Dispersive photonic crystals from the plane wave method

Nowadays photonic crystals are widely used in many different applications. One of the most used methods to compute their band structure is the plane wave method (PWM). However, it can only be applied directly to non-dispersive media and be extended to systems with a few model dielectric functions. We explore an extension of the PWM to photonic crystals containing dispersive materials, that solves an eigenvalue equation for the Bloch wave vectors. First we compare our calculation with analytical results for one dimensional photonic crystals containing Si using experimental values of its optical parameters, and obtainig very well agreement, even for the spectrum region with strong absorption.
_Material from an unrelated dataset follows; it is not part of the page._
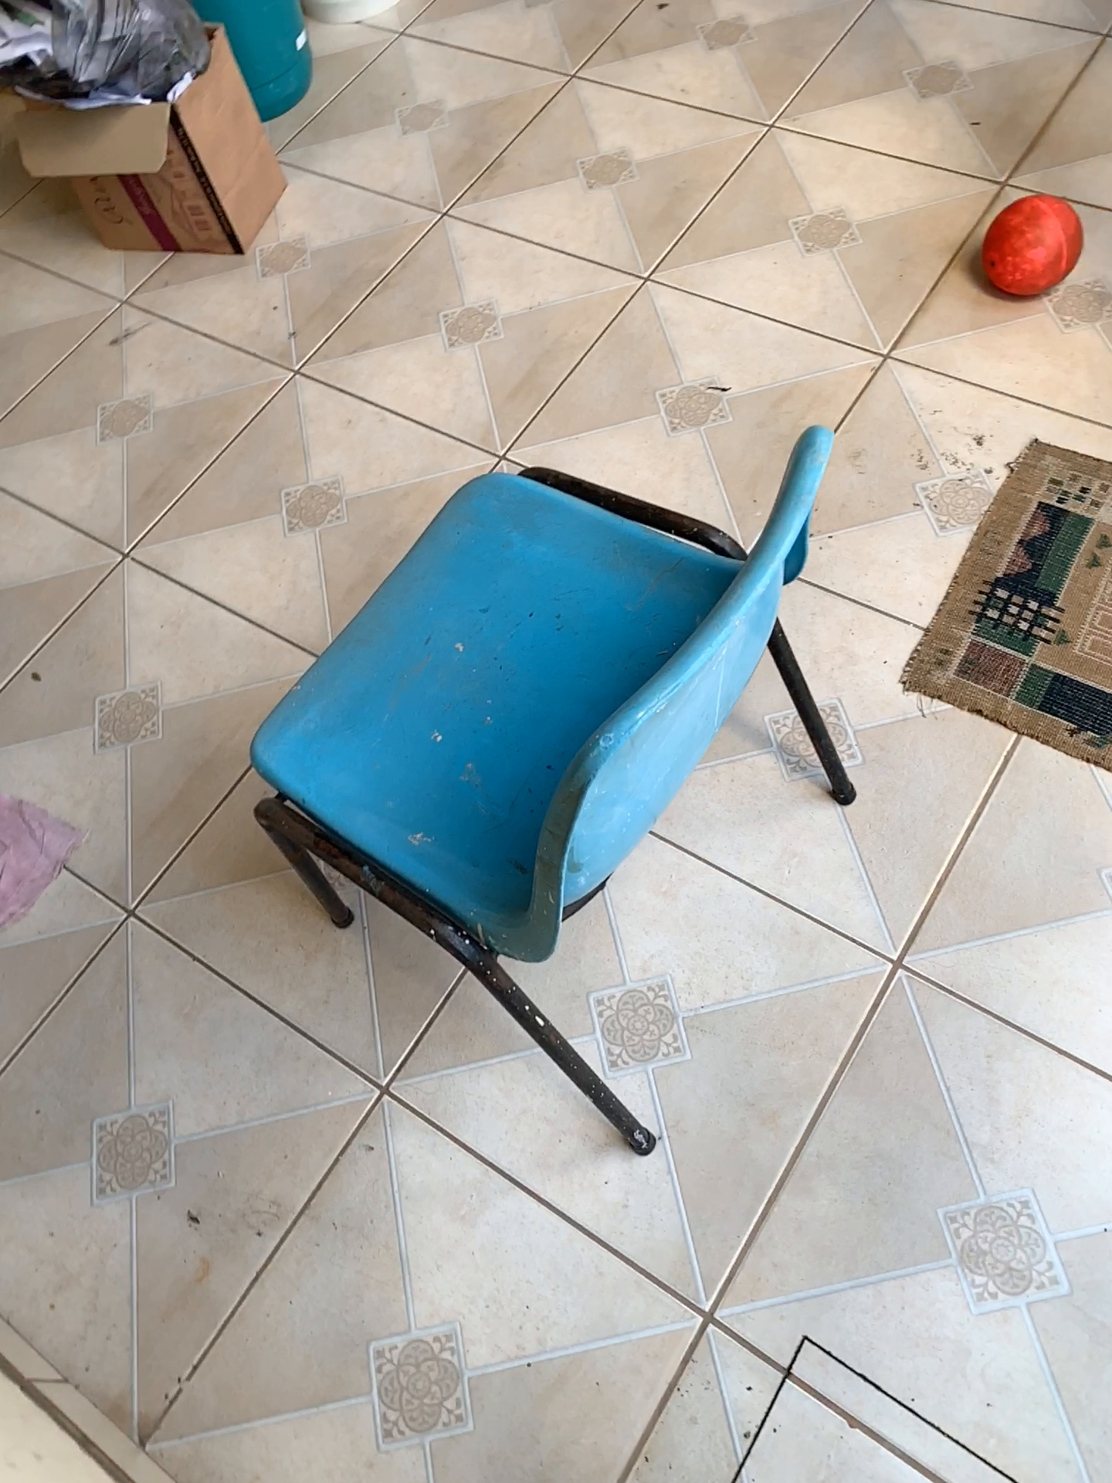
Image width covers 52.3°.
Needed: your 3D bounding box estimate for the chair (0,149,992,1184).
[{"bbox_3d":[-0.011,-0.030,1.088,0.531,0.688,0.551,26,67,23],"label":"chair"}]

Then, using the same method, we computed the band structure for a two dimensional photonic crystal without absorption, formed by an square array of MgO cylinders in air. The optical parameters for MgO were modeled with the Lorentz dielectric function. Finally, we studied an array of MgO cylinders in a metal, using Drude model without absorption, for the metal dielectric function. For this last case, we study the gap–midgap ratio as a function of the filling fraction for both the square and triangular lattice. The gap–midgap ratio is larger for the triangular lattice, with a maximum value of 10% for a filling fraction of 0.6. Our results show that the method can be applied to dispersive materials, and then to a wide range of applications where photonic crystals can be used.